The server must also match the storage of crashed server. Suppose, if you had a drive to keep the mailbox databases with the drive letter M and a drive to keep the mailbox database logs with the drive letter L, these need to be matched.

Once this is done, before installing the Exchange Server, you need to install all the pre-requisites for the service. After these are installed, you need to run another update to install any new updates or updates related to the pre-requisites installed.

The next step is to extract the ISO file of the Exchange Server 2016 or the version you had installed in your new server. Then, run the below given command to start the installation with recovery option.

setup /mode:recoverserver /IAcceptExchangeServerLicenseTerms

For servers running Exchange Server 2016, most of the configuration is stored in the Active Directory schema, including settings such as location of database, database names, URLs of virtual directories, and transport settings, apart from others.

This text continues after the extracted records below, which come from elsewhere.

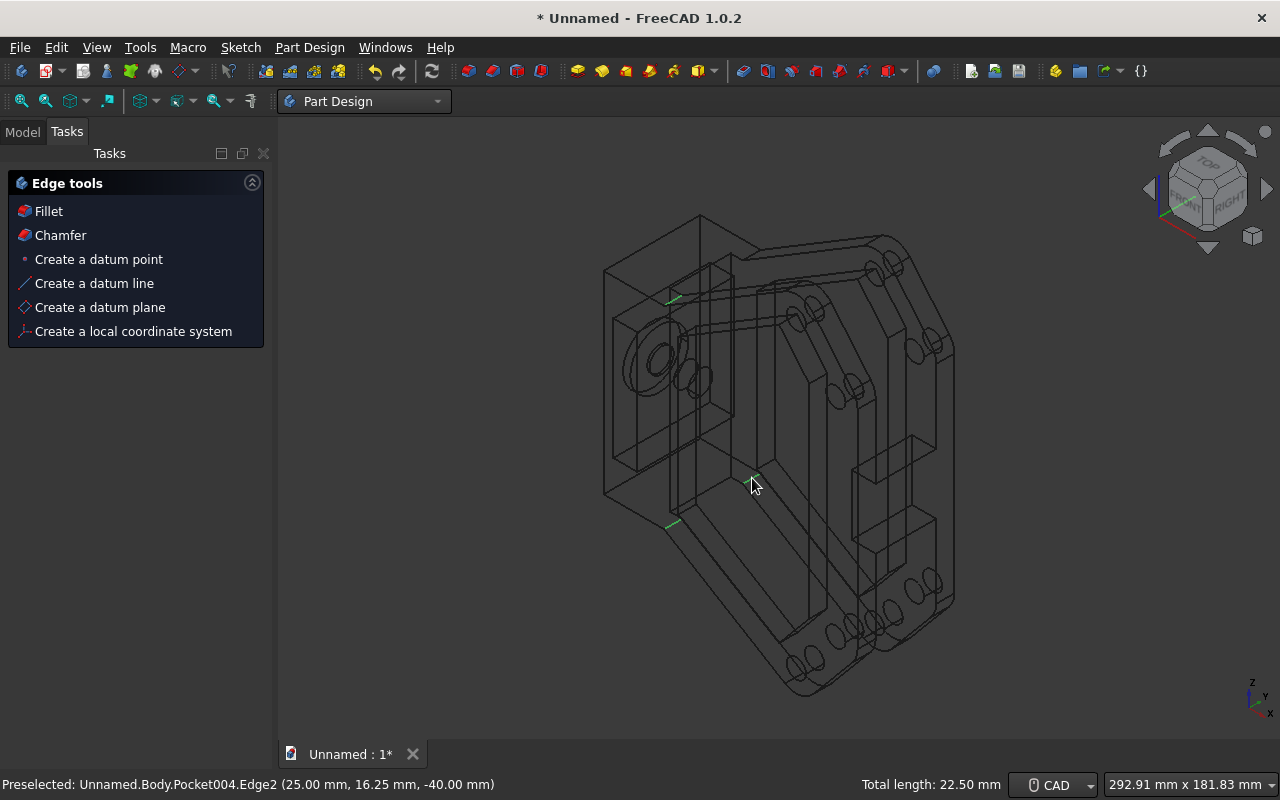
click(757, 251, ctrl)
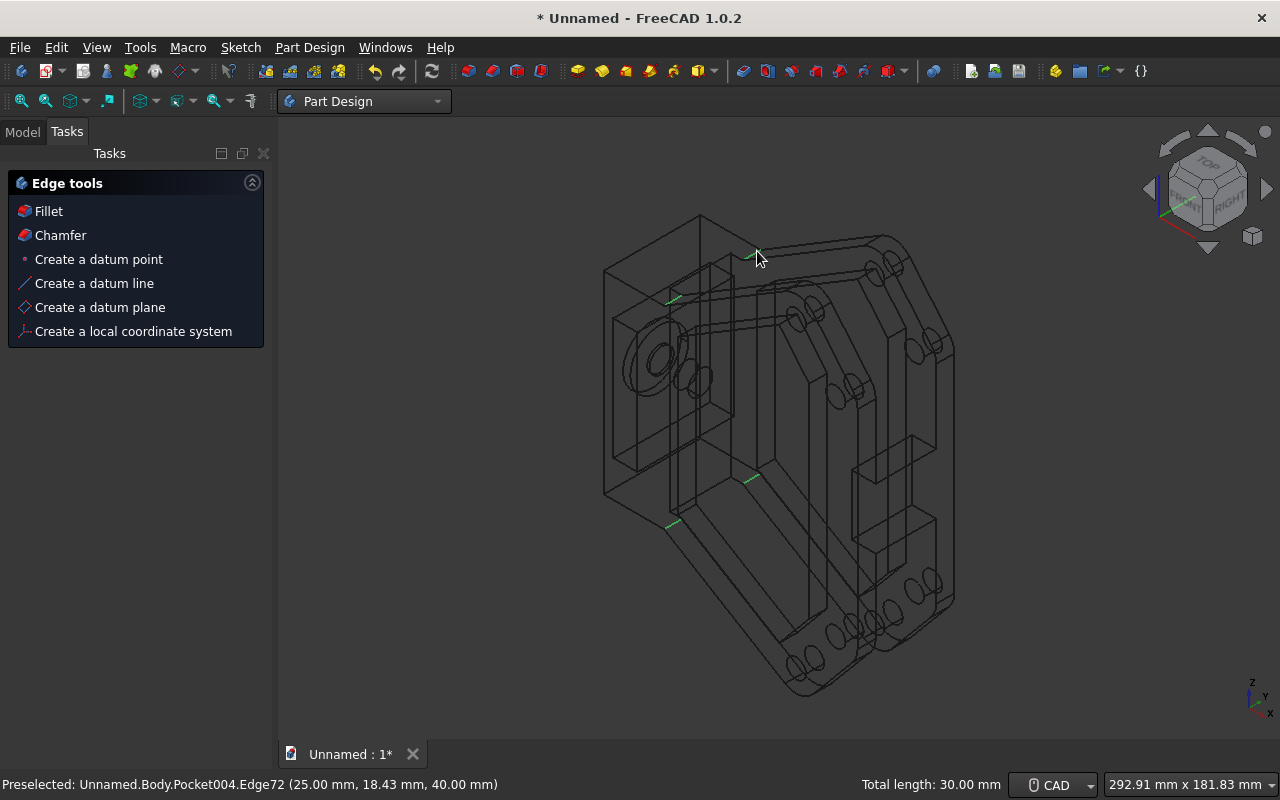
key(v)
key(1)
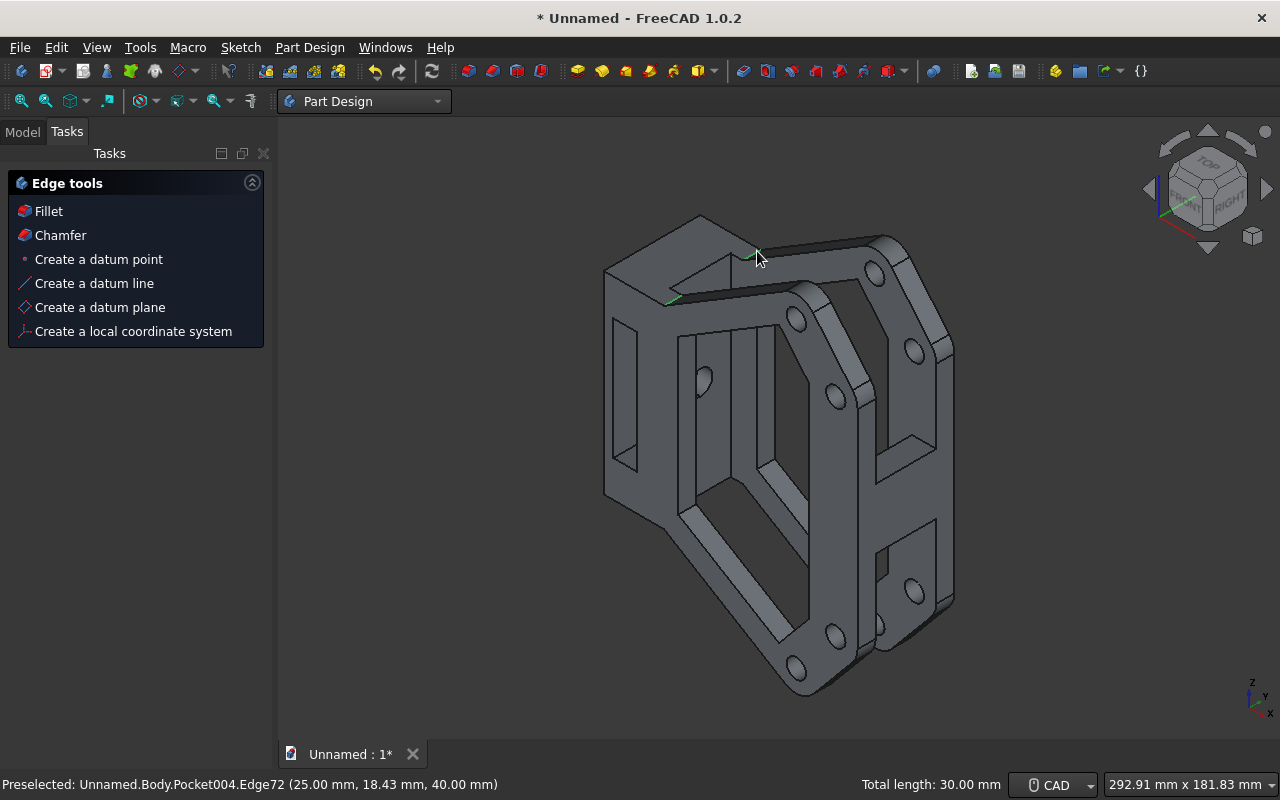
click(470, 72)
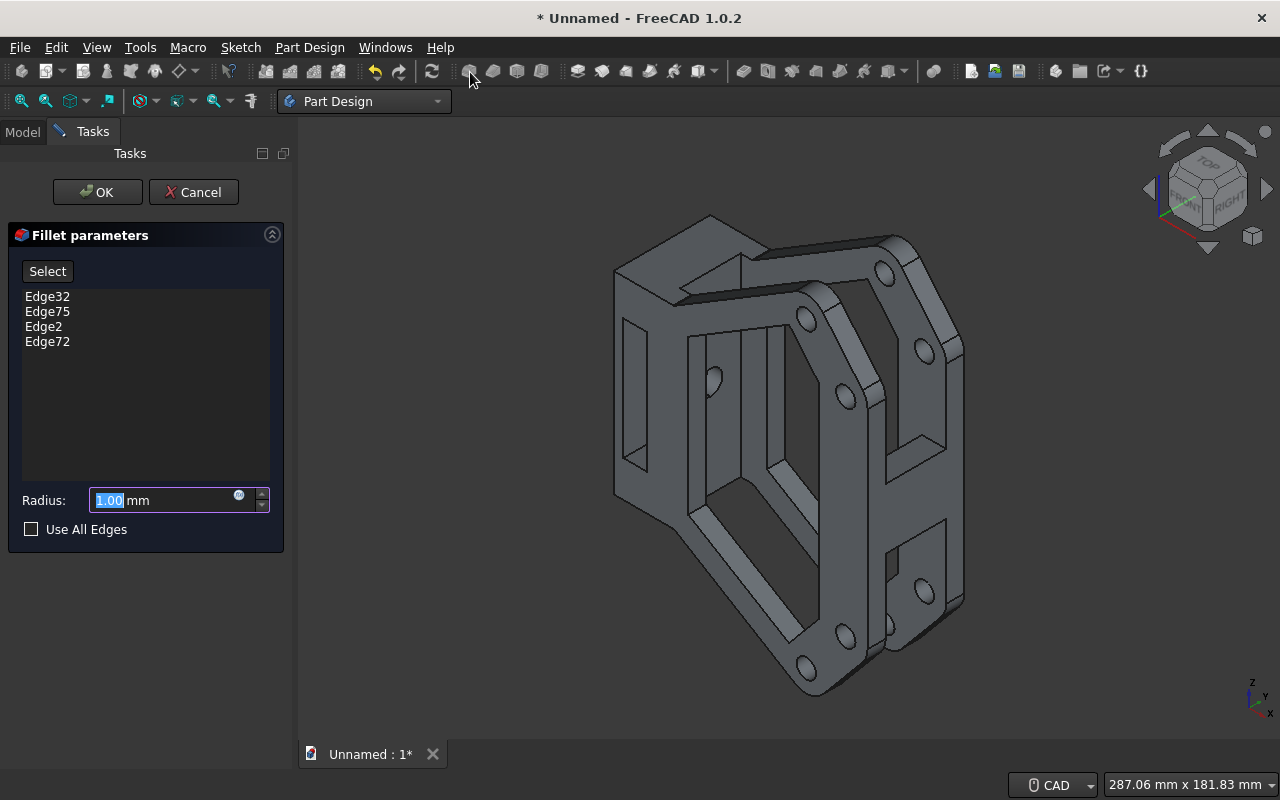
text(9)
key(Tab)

During the installation, which may take some time, you need to check the documentation for any custom configurations that might have been deployed in the Exchange Server. Such custom configurations could include settings in the IIS web server, installed SSL certificates that you need to re-install, or custom registry keys that would be recoverable from the documentation of the server, should be updated.

Restoring the Database

If the transaction logs of databases were not lost or damaged during the server failure, you can just copy the databases and logs into the same location and path, and these will successfully mount. However, if you have all the files and they were not damaged but still the databases are not mounting, then you need to run the ESEUtil to repair the databases.

If the databases won’t mount due to damaged or lost log files, then you have two options. First, you can restore from the last backup but the changes from the last backup onwards will be lost. Second, you can use a third-party tool that can open damaged EDB file.